After changing files under rsyslog.conf/, re-run scripts/init.sh to copy
the updated files into the install directory. If an existing rsyslog
container is present and the installed rsyslog.conf/ content changed,
init.sh recreates only that container so the bind-mounted config is
reloaded. To force the same refresh manually:
docker compose up -d --force-recreate rsyslog
When debugging a stale config suspicion, compare the host and container copy:
md5sum rsyslog.conf/30-send-loki-http.conf
docker compose exec rsyslog md5sum /etc/rsyslog.d/30-send-loki-http.conf
Prometheus can't scrape node_exporter (server target down)

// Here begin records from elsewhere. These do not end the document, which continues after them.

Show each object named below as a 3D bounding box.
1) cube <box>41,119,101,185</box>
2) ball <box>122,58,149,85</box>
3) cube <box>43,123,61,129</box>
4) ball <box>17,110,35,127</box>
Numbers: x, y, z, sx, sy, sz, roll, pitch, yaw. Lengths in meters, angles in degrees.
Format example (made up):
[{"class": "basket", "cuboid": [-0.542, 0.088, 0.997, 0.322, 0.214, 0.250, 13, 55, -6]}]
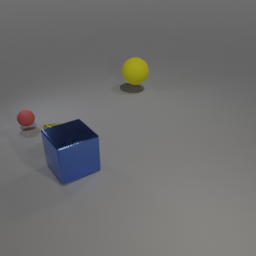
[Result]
[{"class": "cube", "cuboid": [-1.860, 0.739, 9.210, 1.400, 1.400, 1.400, -19, 35, -30]}, {"class": "ball", "cuboid": [0.382, -2.976, 14.689, 1.400, 1.400, 1.400, 0, 30, 0]}, {"class": "cube", "cuboid": [-2.703, 0.230, 10.555, 0.700, 0.700, 0.700, 12, 15, 31]}, {"class": "ball", "cuboid": [-4.195, -0.407, 11.514, 0.700, 0.700, 0.700, 0, 30, 0]}]
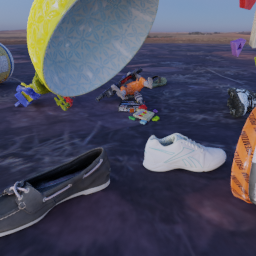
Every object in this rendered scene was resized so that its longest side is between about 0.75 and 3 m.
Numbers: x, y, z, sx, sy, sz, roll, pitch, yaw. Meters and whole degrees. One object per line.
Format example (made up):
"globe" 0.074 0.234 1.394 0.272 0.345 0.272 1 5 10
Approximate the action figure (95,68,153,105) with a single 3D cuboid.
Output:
"action figure" -0.078 -1.249 10.076 2.082 1.089 2.014 -34 11 0

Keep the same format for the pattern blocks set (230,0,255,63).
"pattern blocks set" 2.929 -2.240 5.526 2.549 2.241 0.207 -32 43 -21

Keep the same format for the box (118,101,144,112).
"box" 0.120 -0.740 9.459 0.805 0.200 0.799 3 19 8

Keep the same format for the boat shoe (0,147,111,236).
"boat shoe" -1.235 0.873 4.374 2.283 0.651 0.763 -18 27 -40

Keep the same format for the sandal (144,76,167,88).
"sandal" 1.308 -2.188 13.019 0.628 0.451 1.582 15 25 35

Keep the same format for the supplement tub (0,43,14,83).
"supplement tub" -6.559 -2.734 12.248 1.983 1.983 2.742 4 20 10

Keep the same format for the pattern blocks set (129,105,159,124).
"pattern blocks set" 0.490 -0.402 8.503 0.966 0.089 1.099 25 32 30

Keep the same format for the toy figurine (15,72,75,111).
"toy figurine" -3.036 -1.024 9.490 1.783 1.570 2.976 -29 18 4

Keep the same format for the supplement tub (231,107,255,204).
"supplement tub" 2.919 0.668 3.264 2.963 1.816 1.816 16 25 36

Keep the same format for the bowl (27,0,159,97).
"bowl" -0.819 -1.930 4.975 1.370 2.545 2.545 46 38 16

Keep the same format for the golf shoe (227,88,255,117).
"golf shoe" 3.746 -0.882 8.939 1.014 0.834 2.146 5 22 14

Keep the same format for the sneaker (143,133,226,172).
"sneaker" 1.141 0.468 5.497 1.670 0.669 0.587 -1 18 -6
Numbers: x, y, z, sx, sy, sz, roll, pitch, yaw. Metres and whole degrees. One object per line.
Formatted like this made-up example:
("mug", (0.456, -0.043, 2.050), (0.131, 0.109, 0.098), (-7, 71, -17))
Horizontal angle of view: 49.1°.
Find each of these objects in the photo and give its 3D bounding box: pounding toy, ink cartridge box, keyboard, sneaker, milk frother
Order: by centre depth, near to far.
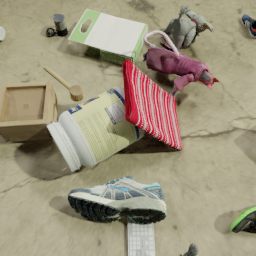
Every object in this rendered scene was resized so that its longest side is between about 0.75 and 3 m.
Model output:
("keyboard", (0.363, 3.556, 7.060), (0.704, 0.133, 2.501), (-1, 61, -1))
("sneaker", (3.503, 2.451, 7.402), (1.657, 0.636, 0.694), (-16, 58, -8))
("sneaker", (-0.289, 1.898, 7.676), (2.642, 1.025, 1.140), (6, 43, 1))
("pounding toy", (-2.630, -0.791, 8.931), (2.497, 1.143, 2.194), (-3, 61, -2))
("ink cartridge box", (-0.718, -3.494, 10.760), (2.568, 0.616, 1.869), (17, 62, 9))
("milk frother", (-2.843, -3.992, 10.979), (0.707, 0.737, 0.783), (40, 68, 21))
("sneaker", (4.998, -4.228, 11.222), (0.485, 0.547, 1.294), (-13, 61, -7))

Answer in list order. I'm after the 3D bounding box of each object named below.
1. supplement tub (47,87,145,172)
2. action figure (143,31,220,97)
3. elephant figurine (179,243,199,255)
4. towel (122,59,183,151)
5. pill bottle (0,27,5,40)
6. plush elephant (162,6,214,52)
("supplement tub", (-0.905, 0.040, 8.117), (2.402, 1.742, 1.742), (-29, 64, -15))
("action figure", (1.929, -2.124, 9.352), (2.625, 1.955, 1.759), (32, 59, 32))
("elephant figurine", (1.162, 3.378, 6.427), (0.991, 1.400, 1.086), (-11, 61, -6))
("towel", (0.777, -0.600, 8.159), (0.307, 2.732, 1.976), (-23, 56, 32))
("pill bottle", (-5.433, -3.777, 10.912), (1.122, 0.641, 0.641), (14, 61, 7))
("plush elephant", (2.307, -3.707, 10.503), (1.383, 1.786, 1.471), (-5, 52, -24))

The node_exporter on the server must bind to the Docker bridge gateway IP for Prometheus (running inside a container) to reach it.
-
Check current binding:
grep listen-address /etc/systemd/system/node_exporter.service -
Check Docker network gateway:
rosi-monitor status # Shows network info and gateway # Or manually: docker network inspect rosi-collector-net --format '{{range .IPAM.Config}}{{.Gateway}}{{end}}' -
Fix binding if mismatched:
BIND_IP=$(docker network inspect rosi-collector-net --format '{{range .IPAM.Config}}{{.Gateway}}{{end}}') sed -i "s/listen-address=[0-9.]*/listen-address=${BIND_IP}/" /etc/systemd/system/node_exporter.service systemctl daemon-reload systemctl restart node_exporter -
Check firewall allows container access:
# For UFW: ufw status | grep 9100 # Add rule if missing: ufw allow from 172.20.0.0/16 to 172.20.0.1 port 9100 proto tcp -
Test from Prometheus container:
docker exec prometheus-central wget -q -O - --timeout=3 http://172.20.0.1:9100/metrics | head -3
Downloads URL returns 404
Symptom: https://YOUR_DOMAIN/downloads/install-rsyslog-client.sh returns 404.
-
Check downloads container is running:
docker compose ps downloads -
Verify file exists:
ls -la /opt/rosi-collector/downloads/install-rsyslog-client.shIf missing, run
init.shto populate downloads, then restart:cd /path/to/rsyslog/deploy/docker-compose/rosi-collector sudo ./scripts/init.sh cd /opt/rosi-collector && docker compose up -d -
Test from inside the container:
docker exec downloads-central wget -qO- http://127.0.0.1/downloads/install-rsyslog-client.sh | head -5
High memory usage
Loki stores recent logs in memory. Reduce chunk_idle_period in loki-config.yml for lower memory usage.
Client Setup
See the clients/ directory for:
rsyslog-forward.conf- Full rsyslog forwarding configrsyslog-forward-minimal.conf- Minimal forwarding configinstall-rsyslog-client.sh- Automated client setupinstall-node-exporter.sh- Prometheus node exporter setup
Security Considerations
- TLS is enabled by default via Traefik
- Grafana is protected by basic auth
- rsyslog port (10514) should be firewalled to trusted clients
- Prometheus targets file contains client IPs
Contributing
This is part of the rsyslog project. See the main repository's CONTRIBUTING.md for guidelines.
License
Apache License 2.0 - See LICENSE file in the rsyslog repository root.